Exercise input Start Marker
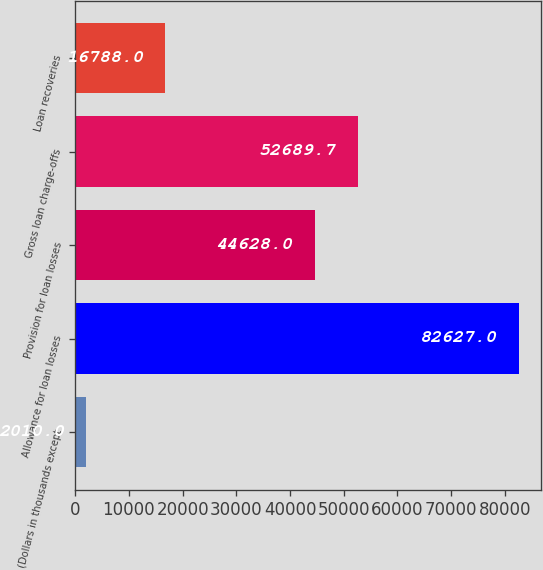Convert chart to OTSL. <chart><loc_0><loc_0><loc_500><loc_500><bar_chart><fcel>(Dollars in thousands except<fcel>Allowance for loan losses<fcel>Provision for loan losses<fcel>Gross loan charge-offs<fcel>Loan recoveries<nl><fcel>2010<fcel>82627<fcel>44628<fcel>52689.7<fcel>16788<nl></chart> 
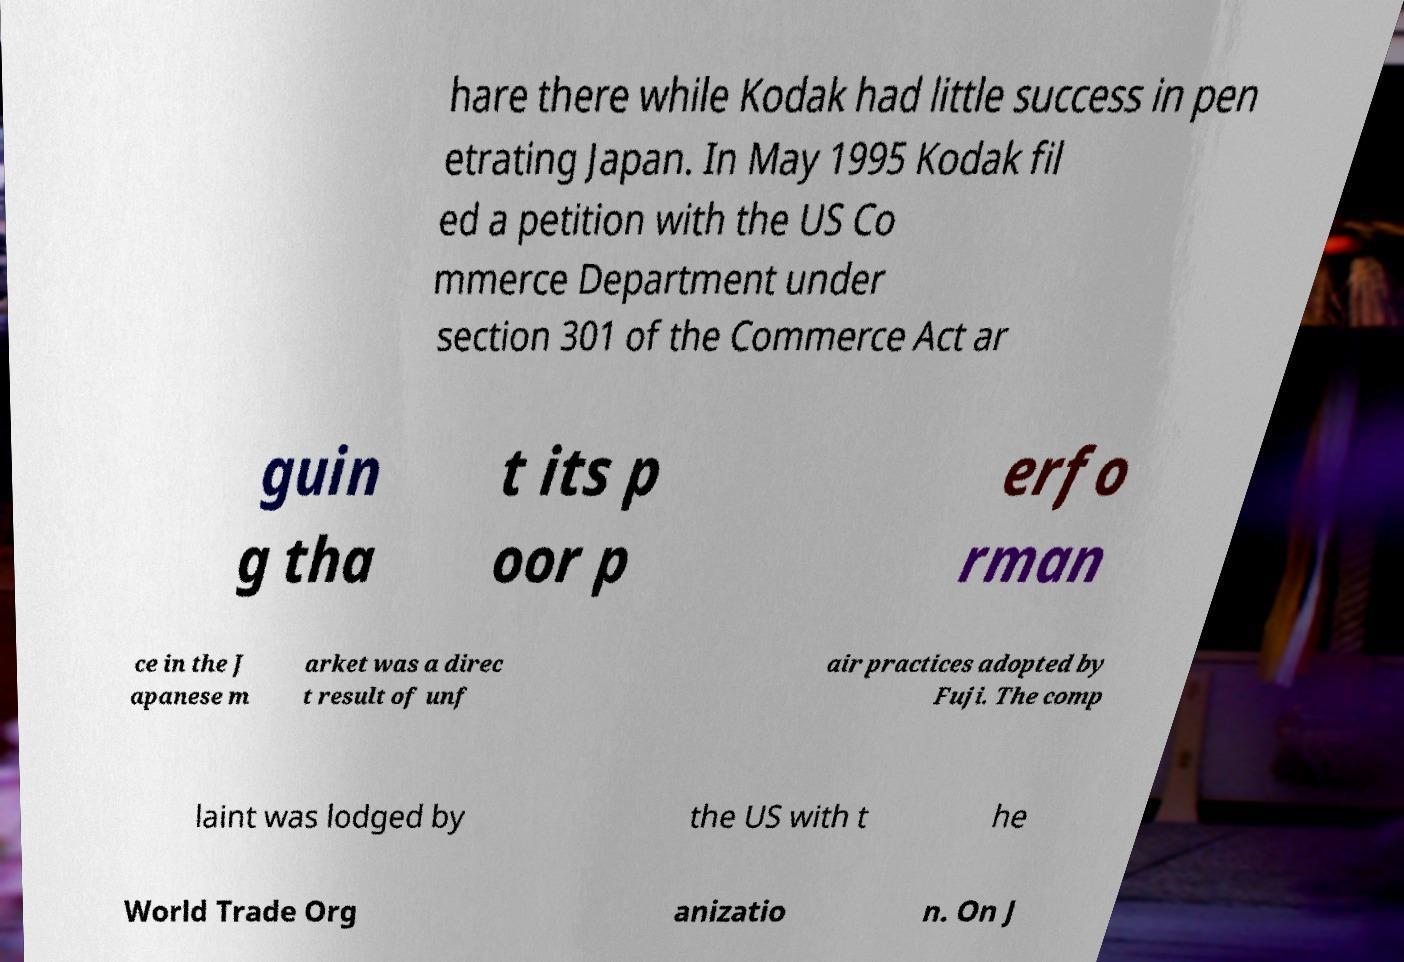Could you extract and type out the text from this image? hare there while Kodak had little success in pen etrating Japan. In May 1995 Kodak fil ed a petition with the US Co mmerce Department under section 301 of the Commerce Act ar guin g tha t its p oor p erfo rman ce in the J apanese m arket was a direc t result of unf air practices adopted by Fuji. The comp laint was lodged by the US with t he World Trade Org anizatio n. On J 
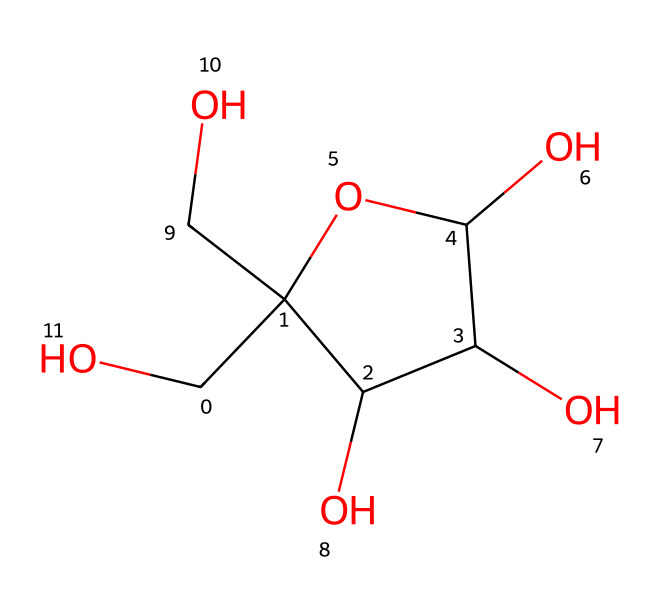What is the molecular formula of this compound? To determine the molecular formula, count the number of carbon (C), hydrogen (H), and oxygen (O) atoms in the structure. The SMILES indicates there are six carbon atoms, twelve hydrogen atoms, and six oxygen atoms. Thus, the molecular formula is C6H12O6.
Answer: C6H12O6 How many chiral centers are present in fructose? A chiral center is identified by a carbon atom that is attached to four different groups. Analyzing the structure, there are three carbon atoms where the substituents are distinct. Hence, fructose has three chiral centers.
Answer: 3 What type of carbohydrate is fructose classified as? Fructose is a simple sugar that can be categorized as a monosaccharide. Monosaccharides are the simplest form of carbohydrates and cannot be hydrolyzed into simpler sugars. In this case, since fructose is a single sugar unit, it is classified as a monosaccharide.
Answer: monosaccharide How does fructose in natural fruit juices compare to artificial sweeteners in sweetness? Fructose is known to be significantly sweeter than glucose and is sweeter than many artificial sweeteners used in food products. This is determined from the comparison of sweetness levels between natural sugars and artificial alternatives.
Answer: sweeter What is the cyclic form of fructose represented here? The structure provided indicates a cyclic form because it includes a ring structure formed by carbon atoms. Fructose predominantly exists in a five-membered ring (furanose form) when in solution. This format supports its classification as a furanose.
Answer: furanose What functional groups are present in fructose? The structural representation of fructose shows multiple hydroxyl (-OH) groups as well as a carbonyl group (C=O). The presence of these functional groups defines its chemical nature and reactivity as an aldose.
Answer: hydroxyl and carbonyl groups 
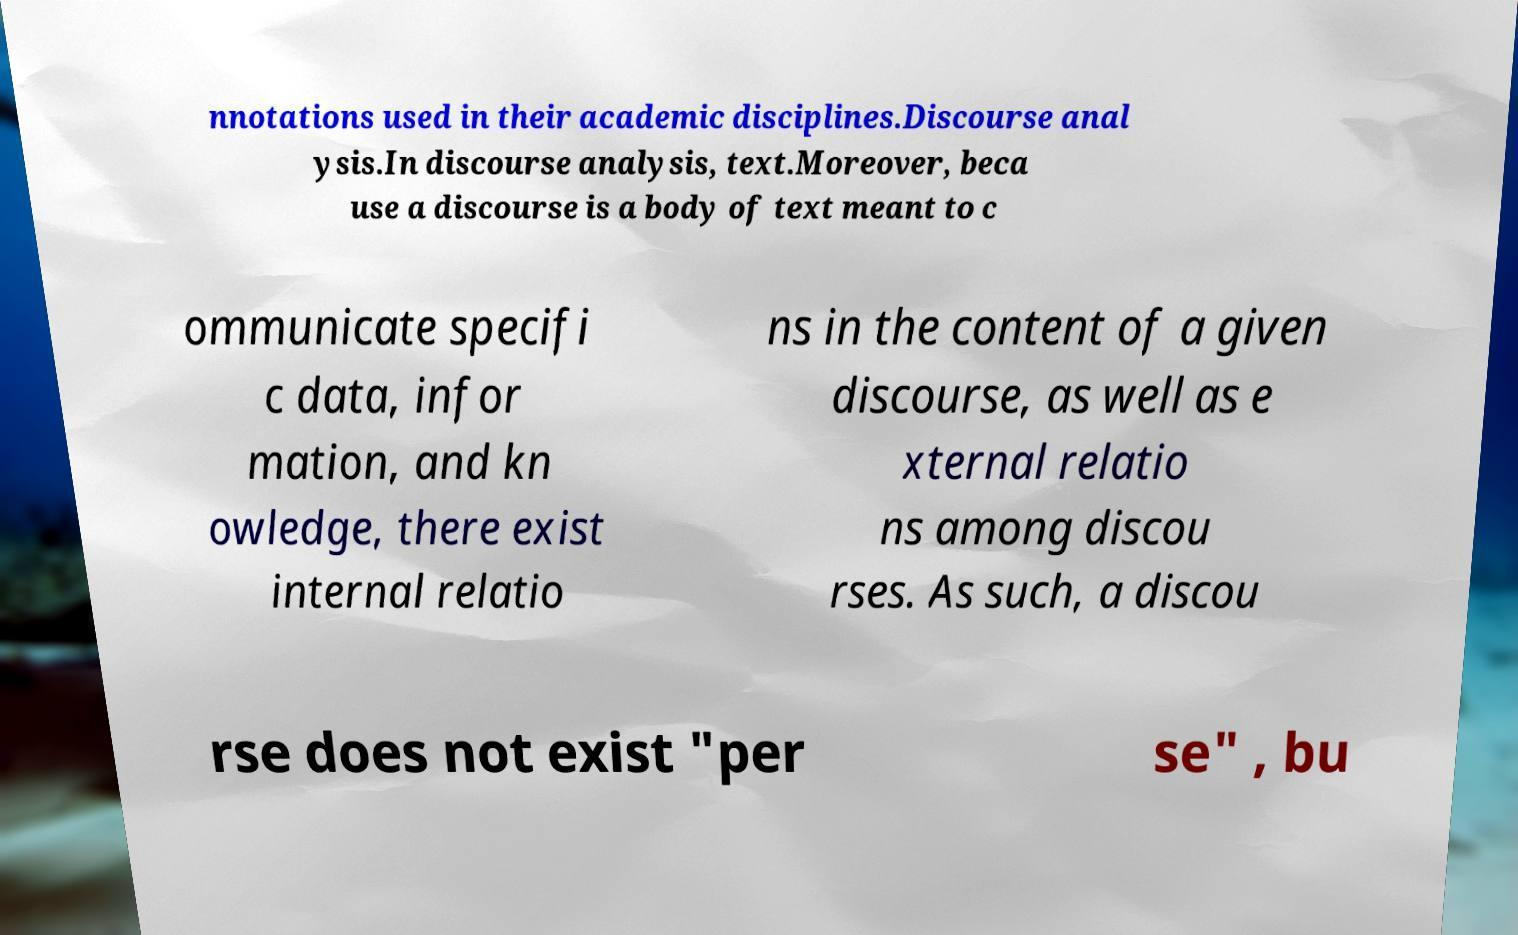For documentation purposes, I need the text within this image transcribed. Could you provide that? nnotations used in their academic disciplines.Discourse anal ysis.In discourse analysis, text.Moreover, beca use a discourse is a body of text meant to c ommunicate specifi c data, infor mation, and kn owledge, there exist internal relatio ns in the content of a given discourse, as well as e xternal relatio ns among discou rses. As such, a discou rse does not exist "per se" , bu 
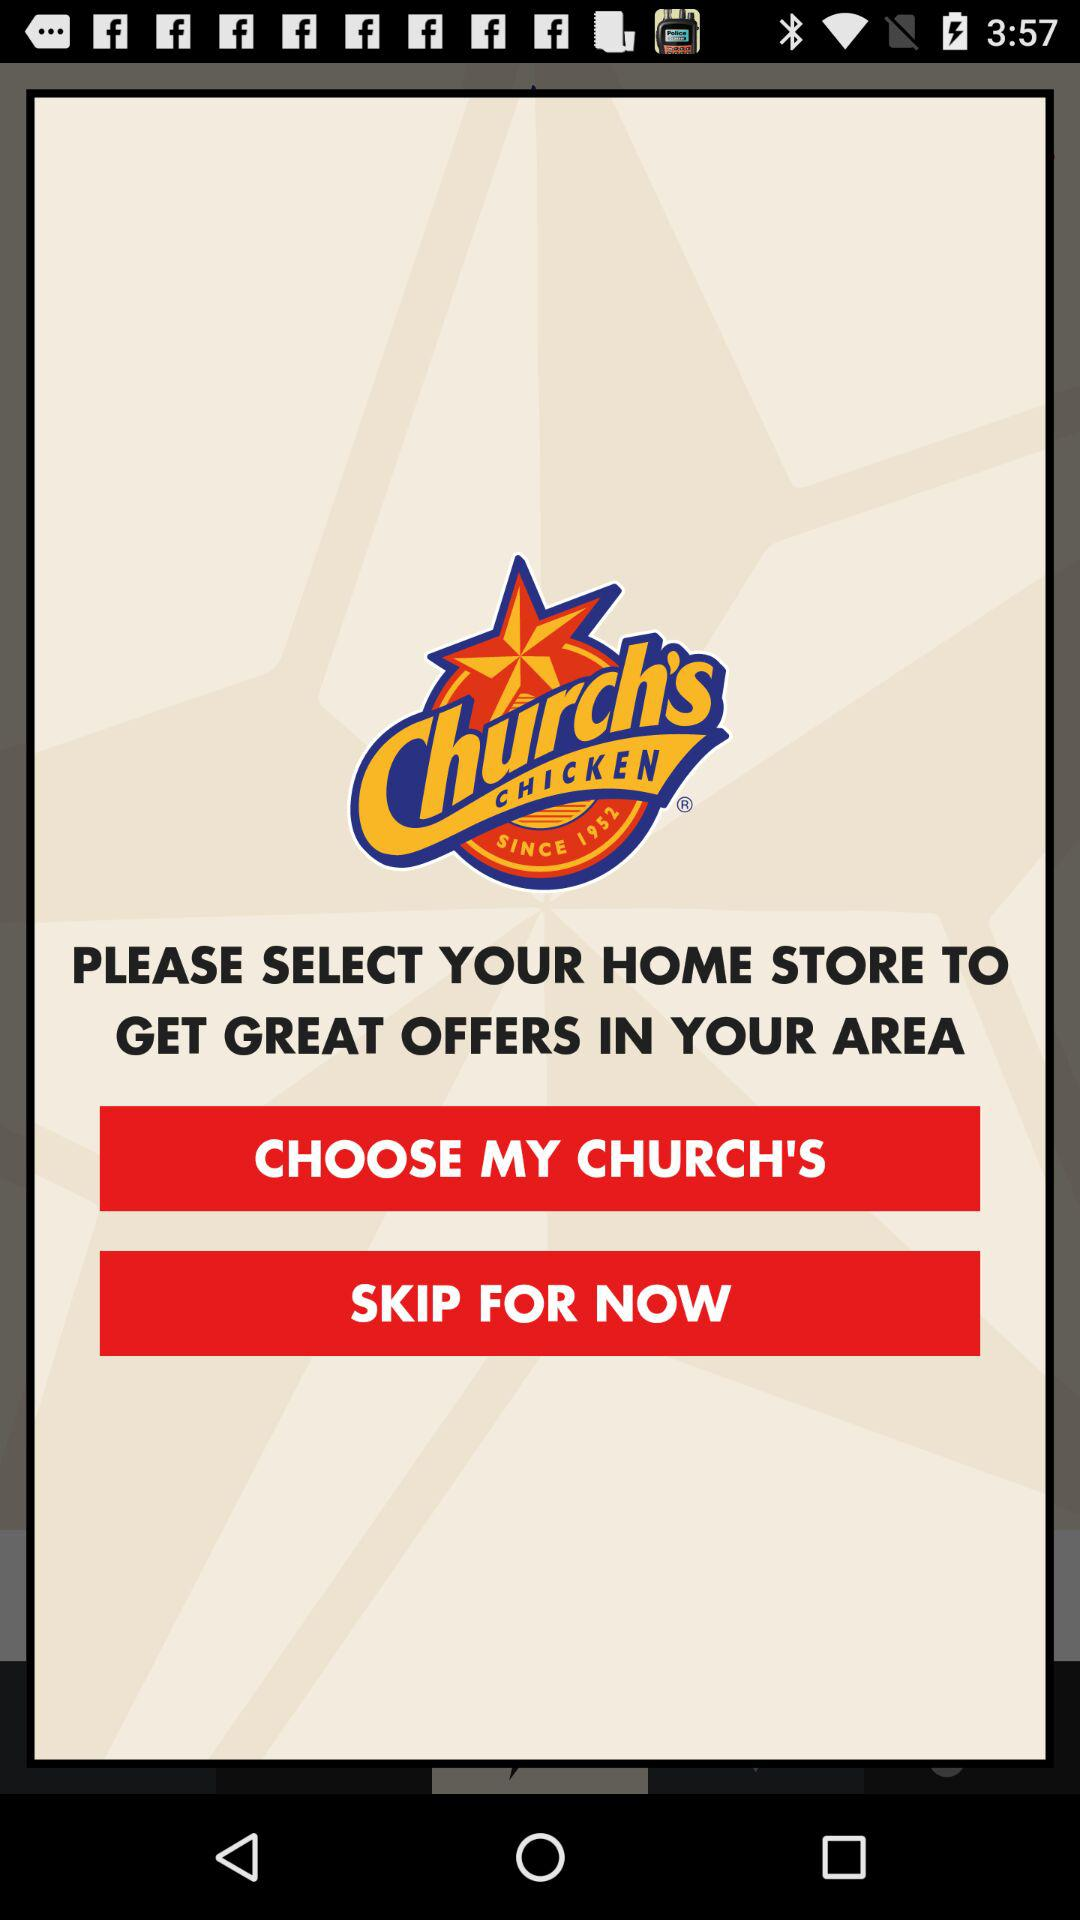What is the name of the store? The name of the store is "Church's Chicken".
Exercise input End Marker
» **What you have to do**
Looking at the records above, work out how many lines include the word "hydroxyl", then give that number by itself.

» **Response to this task**
2